Furthermore, when I attached a profiler to the app, it was clear that the default connection pool wasn’t cutting it. This is logical, as instead of 1 connection / tomcat thread the async executor also i taking connections for each async job concurrently.

That all being said, the settings were changed to the following in the application.properties:

spring.datasource.url=jdbc:postgresql:testing
spring.datasource.username=flowable
spring.datasource.password=flowable
spring.datasource.hikari.maximum-pool-size=250

spring.task.execution.pool.core-size=64
spring.task.execution.pool.max-size=64

flowable.history-level=none

logging.file=output.txt

I tried with more threads, but the combined 50 JMeter threads + tomcat threads handling the POST + async executor threads + local postgres db was too much for my machine, hence the setting of 64. On a production installation this would off course be possible.

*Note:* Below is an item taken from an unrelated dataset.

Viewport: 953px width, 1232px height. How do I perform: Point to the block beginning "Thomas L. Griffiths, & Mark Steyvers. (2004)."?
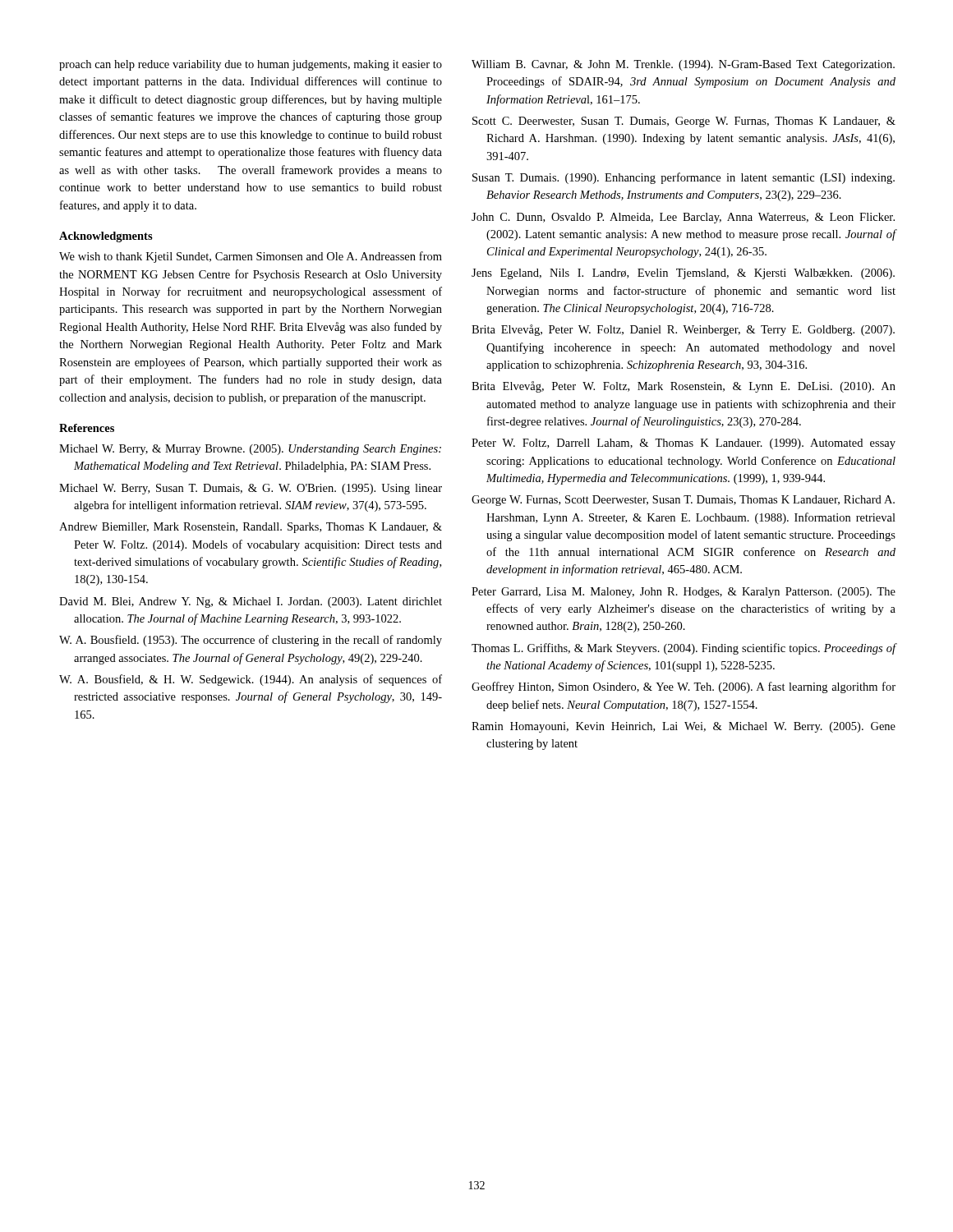tap(684, 657)
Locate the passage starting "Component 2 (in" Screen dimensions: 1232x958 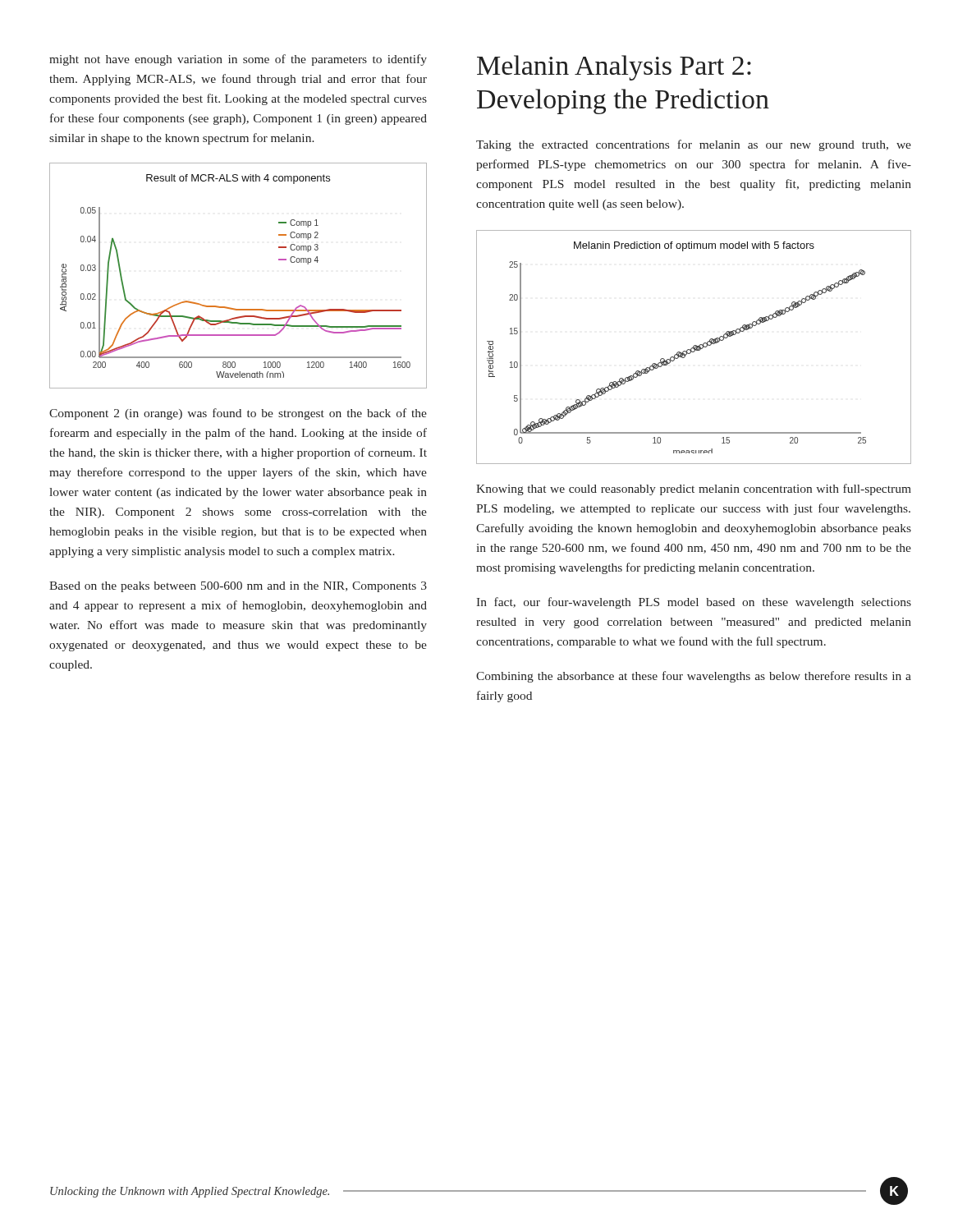pos(238,482)
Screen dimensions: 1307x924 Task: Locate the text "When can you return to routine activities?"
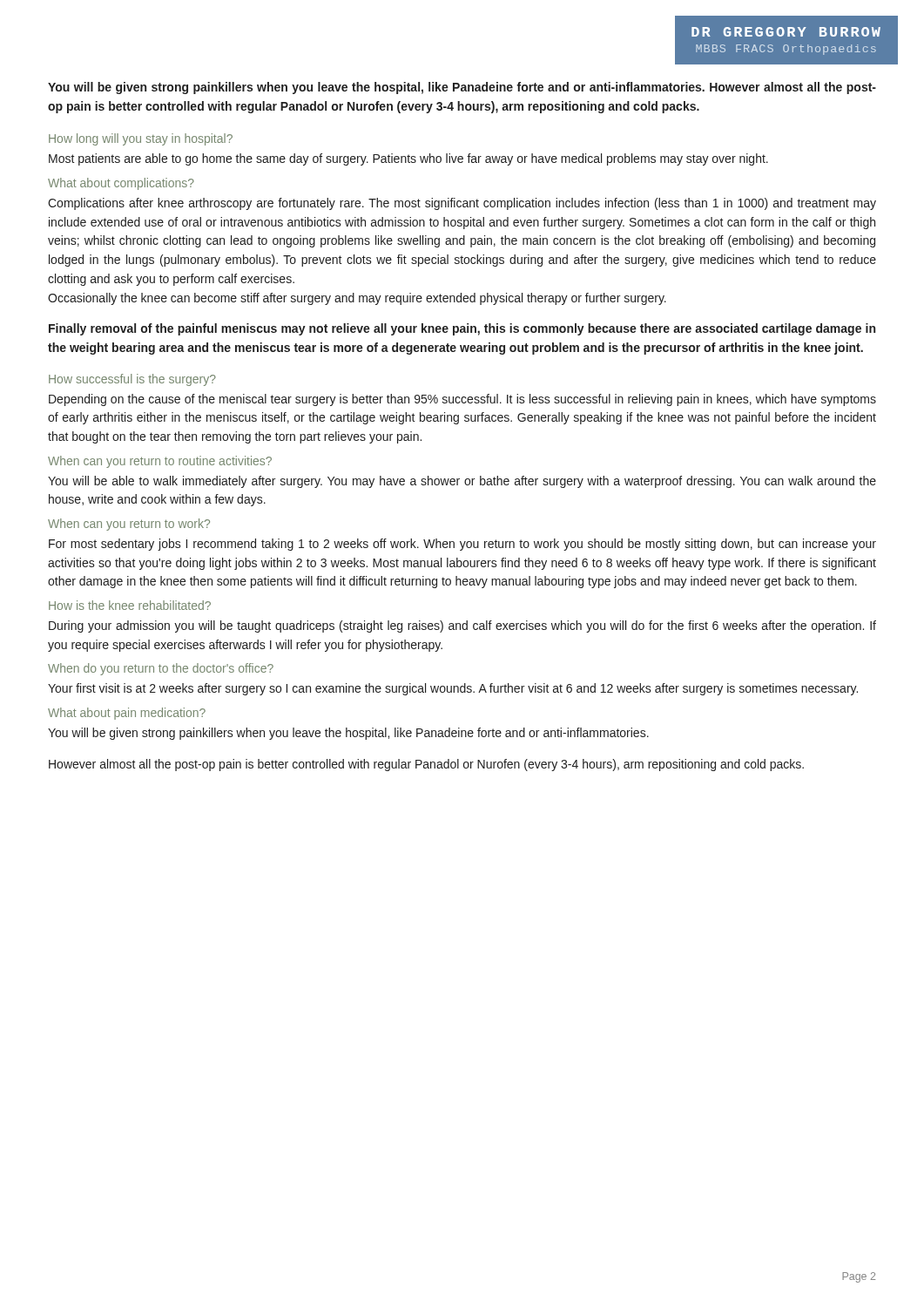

With these settings, I got ± 400 process instances/second. Which makes sense given the explanation above. Probably could be made faster by swapping the groovy script with a java class. In the benchmarks we’ve published (https://blog.flowable.org/2018/03/05/flowable-6-3-0-performance-benchmark/) we used multiple machines on AWS (with loadbalancers and a proper db).

Most likely, if we zoom in on the particular process here, there can be some settings or tweaks be found that would speed it up even more.

Hope this clarifies some things.

3 Likes

Thank you very much for such a detailed response! We will think about tuning the size of Flowable thread pools and using multiple nodes.

Just to add something extra to Joram’s input.

Using async service tasks won’t make your processes run faster. The entire idea of the async service tasks is not to make the entire execution of a Process faster, but rather make it more resilient, but providing transaction borders around Service Tasks. Isolating long running service tasks, communicating with other systems that can take a minute or 2 and thus reducing the time on the Tomcat threads.

Let’s simplify this. Instead of printing to the log, the service task is communicating with an external system and this takes 30 seconds. This means that a single HTTP request would take at least 30 seconds, since it is waiting for the external system before returning. This would mean that the load for the application would decrease since Tomcat will not have free threads to handle the parallel requests and the response time of an HTTP request would be low.

In the end it is entirely up to you how you would design your Process and what you want to provide out of it from the execution point of view. As Joram showed Flowable is quite flexible and offers you different possibilities.

I would suggest reading the following 2 blog posts:

2 Likes

Thank you! The idea is clear now.

have you tried wrapping the async method ?

no replyy
??

Hello, I am using 6.6.0 and have the same issue, i have configed all service tasks (about 17 services) with async flag and also enable async history. Now there are many jobs are sticker in act_ru_job. Some one can help me advise for this case?